Após intensa mobilização convocada por artistas, fandoms e feministas, o Projeto de Lei 1904/2024, que criminaliza o acesso ao aborto seguro às vítimas de estupro, inclusive menores de idade, teve seu requerimento de votação adiado na tarde de terça (11). No entanto, bolsonaristas articulam a votação em urgência nesta quarta-feira (12).

O Projeto é de autoria do deputado bolsonarista Sóstenes Cavalcante (PL/RJ). Além disso, a proposta impede o aborto mesmo em casos de estupro se o feto for considerado viável.

Dados do Fórum Brasileiro de Segurança Pública mostram que, em 2022, 74.930 pessoas foram estupradas no Brasil, sendo 61,4% delas menores de 13 anos. A campanha alerta que, se aprovado, o PL punirá mulheres estupradas e profissionais de saúde com até 20 anos de prisão, enquanto a pena máxima para o crime de estupro é de 10 anos.

Artistas como Dada Coelho, Nathalia Dill, Titi Muller, Samara Felippo, Maeve Jinkings, Luana Piovani e outras mulheres ativistas também participam da pressão para que a Câmara enterre a medida.

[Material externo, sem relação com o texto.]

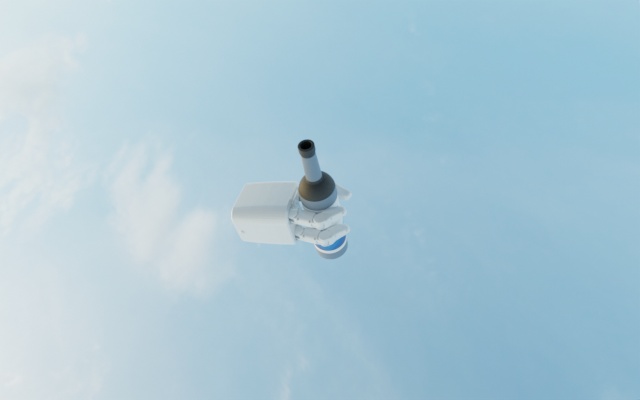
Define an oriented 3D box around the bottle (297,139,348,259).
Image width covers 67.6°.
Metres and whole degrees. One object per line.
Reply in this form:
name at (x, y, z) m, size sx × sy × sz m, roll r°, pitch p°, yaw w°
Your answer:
bottle at (0.000, 0.003, 0.860) m, size 0.069 × 0.069 × 0.296 m, roll 0°, pitch -37°, yaw 11°
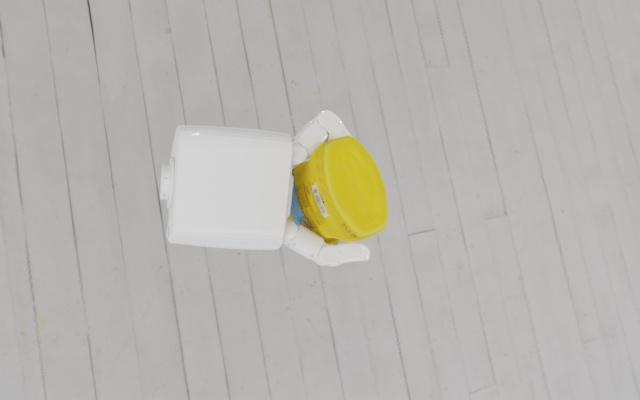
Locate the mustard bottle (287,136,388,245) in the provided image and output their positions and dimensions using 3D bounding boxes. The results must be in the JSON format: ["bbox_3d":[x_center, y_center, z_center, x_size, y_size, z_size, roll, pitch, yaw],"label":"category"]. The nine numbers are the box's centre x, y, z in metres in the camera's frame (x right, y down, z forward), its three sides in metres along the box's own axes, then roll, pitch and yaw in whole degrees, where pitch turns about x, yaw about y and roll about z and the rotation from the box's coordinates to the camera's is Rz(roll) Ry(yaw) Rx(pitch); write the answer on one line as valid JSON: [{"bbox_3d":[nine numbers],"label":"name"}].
[{"bbox_3d":[0.000,0.002,0.517,0.058,0.096,0.191,-22,-1,-23],"label":"mustard bottle"}]
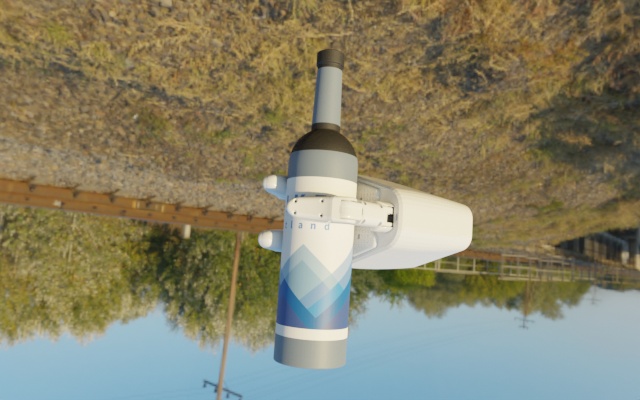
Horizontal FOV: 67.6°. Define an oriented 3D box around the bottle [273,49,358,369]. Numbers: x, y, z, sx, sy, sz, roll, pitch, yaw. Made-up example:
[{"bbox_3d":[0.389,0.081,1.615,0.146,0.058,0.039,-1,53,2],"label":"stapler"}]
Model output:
[{"bbox_3d":[0.000,0.002,0.455,0.069,0.295,0.069,4,-7,0],"label":"bottle"}]
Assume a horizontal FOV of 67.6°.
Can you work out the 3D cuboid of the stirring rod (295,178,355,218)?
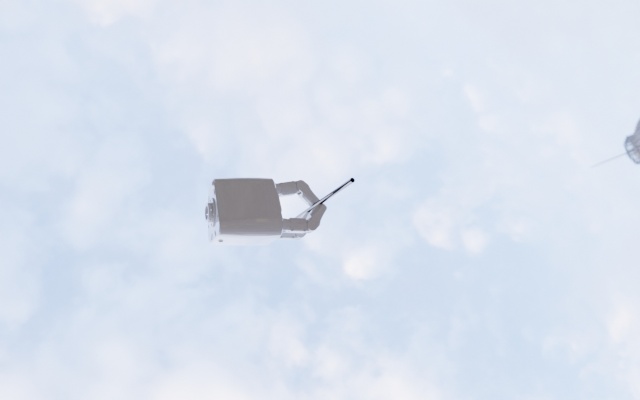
[{"bbox_3d":[0.000,0.003,0.834,0.011,0.011,0.239,0,-16,-25],"label":"stirring rod"}]
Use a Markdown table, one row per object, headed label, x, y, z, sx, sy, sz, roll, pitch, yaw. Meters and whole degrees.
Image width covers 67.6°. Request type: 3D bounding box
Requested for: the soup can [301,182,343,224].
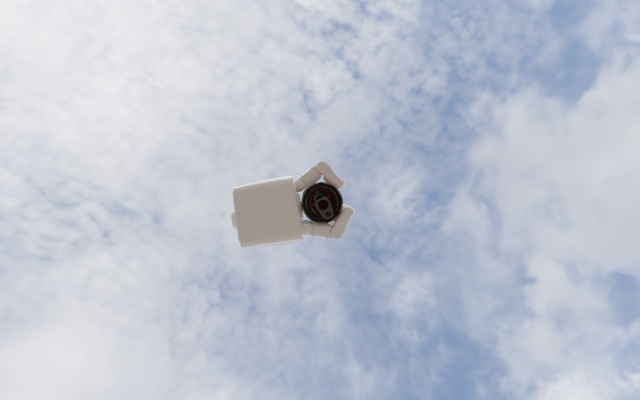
| label | x | y | z | sx | sy | sz | roll | pitch | yaw |
| --- | --- | --- | --- | --- | --- | --- | --- | --- | --- |
| soup can | 0.001 | 0.002 | 0.818 | 0.068 | 0.068 | 0.102 | 0 | 2 | -3 |
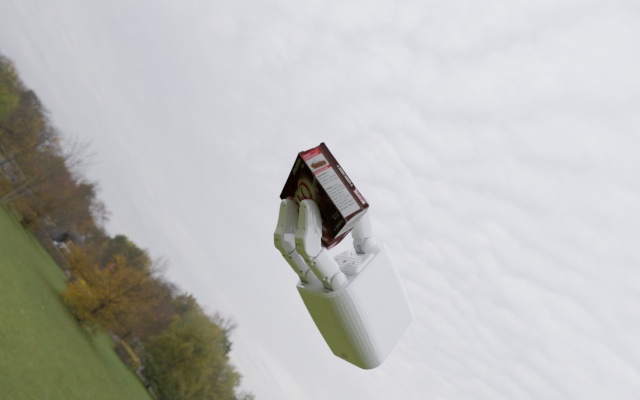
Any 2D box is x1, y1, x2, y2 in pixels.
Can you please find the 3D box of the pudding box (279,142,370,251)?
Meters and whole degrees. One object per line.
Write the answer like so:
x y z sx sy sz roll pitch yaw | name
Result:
0.000 0.002 0.535 0.039 0.090 0.113 -29 -14 -28 | pudding box
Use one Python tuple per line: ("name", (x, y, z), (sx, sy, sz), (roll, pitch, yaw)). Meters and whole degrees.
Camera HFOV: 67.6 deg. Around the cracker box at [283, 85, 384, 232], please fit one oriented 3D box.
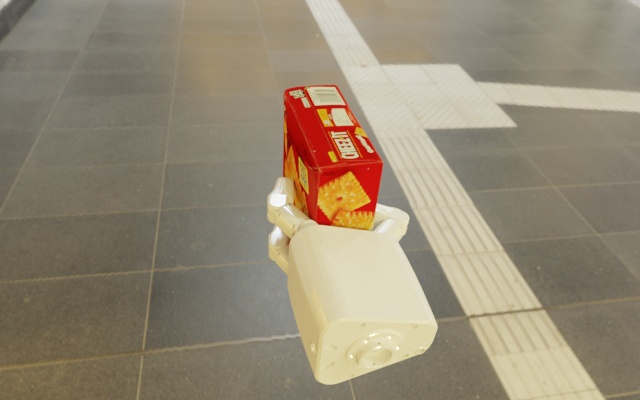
("cracker box", (0.000, 0.002, 0.542), (0.072, 0.214, 0.164), (-6, 40, -14))
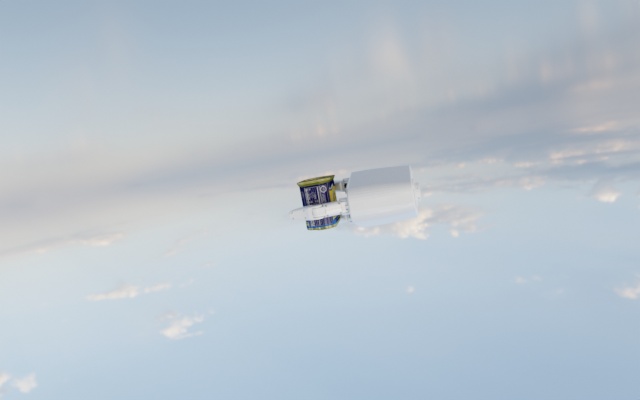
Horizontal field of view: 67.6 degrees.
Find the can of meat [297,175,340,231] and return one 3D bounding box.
[{"bbox_3d":[0.000,0.003,0.829,0.057,0.084,0.102,-9,6,10],"label":"can of meat"}]

Diversas organizações e movimentos sociais têm se posicionado fortemente contra o PL, destacando que ele representa um retrocesso nos direitos das mulheres, especialmente aquelas que são vítimas de violência sexual. A proposta tem sido criticada por ser vista como uma violência adicional contra mulheres que já sofrem com a gravidez resultante de estupro, obrigando-as a levar a gestação até o fim sob risco de serem criminalizadas​.

A mobilização contra o PL inclui campanhas nas redes sociais com a hashtag #criancaneoemae, petições, e ações de sensibilização junto a deputados para que votem contra o projeto. A argumentação central dos opositores é que o PL desrespeita os direitos reprodutivos e a dignidade das mulheres, além de ir contra decisões judiciais que já garantiram a possibilidade de aborto em casos específicos.

Os participantes da campanha são incentivados a enviar e-mails ao presidente da Câmara, Arthur Lira (PP-AL), e a vários deputados para pressioná-los a votar contra o PL. Clique aqui e acesse.

https://twitter.com/beyonceaccess/status/1800554718076539218

Problemas com o PL 1904/24

Desde 1940, o Código Penal garante às brasileiras o direito de interromper a gestação em casos de estupro e risco à vida. Em 2012, o STF estendeu essa permissão aos casos de anencefalia fetal. O PL 1904/24 limita um direito garantido há décadas, colocando em risco principalmente as pessoas mais vulneráveis.

Anualmente, 25 mil crianças de até 14 anos têm filhos no país, segundo dados do Sistema de Nascidos Vivos. Por lei, relações sexuais com menores de 14 anos são consideradas estupro de vulnerável, garantindo a essas crianças o direito de interromper a gestação legalmente. No entanto, entre 2015 e 2022, foram realizados, em média, apenas 1.800 abortamentos legais por ano no Brasil, conforme levantamento da Revista Azmina. “Muitas vezes, a situação de abuso demora a ser descoberta e a gravidez identificada, fazendo com que demorem mais a chegar nos serviços de aborto legal ou nem cheguem a eles”, explica Laura Molinari, coordenadora da campanha Nem Presa Nem Morta.

Somente 3% dos municípios brasileiros contam com um serviço de aborto legal. Além das crianças, muitas mulheres precisam viajar para acessar esse direito, enfrentando falta de recursos e estrutura. Aquelas que são mães ou cuidadoras precisam se organizar para essas viagens, o que explica porque muitas vezes a busca pelo direito ao aborto legal ocorre após 22 semanas de gestação.

Contexto político

O requerimento de urgência para o PL 1904/24 ocorre em um cenário de complexas disputas políticas, onde os direitos das mulheres, crianças e pessoas gestantes são usados como moeda de troca. Em 17 de maio, uma decisão liminar do Ministro Alexandre de Moraes, do STF, suspendeu a Resolução do Conselho Federal de Medicina (CFM) que tentava coibir o aborto acima de 22 semanas. No mesmo dia, o PL 1904/24 foi protocolado pelo deputado Sóstenes Cavalcante (PL-RJ) na Câmara Federal. No início de junho, o Brasil foi cobrado pelo Comitê sobre a Eliminação de Todas as Formas de Discriminação contra as Mulheres (CEDAW) da ONU para descriminalizar e legalizar o aborto no país. A cidadania precisa estar alerta e engajada diante dessa disputa contínua.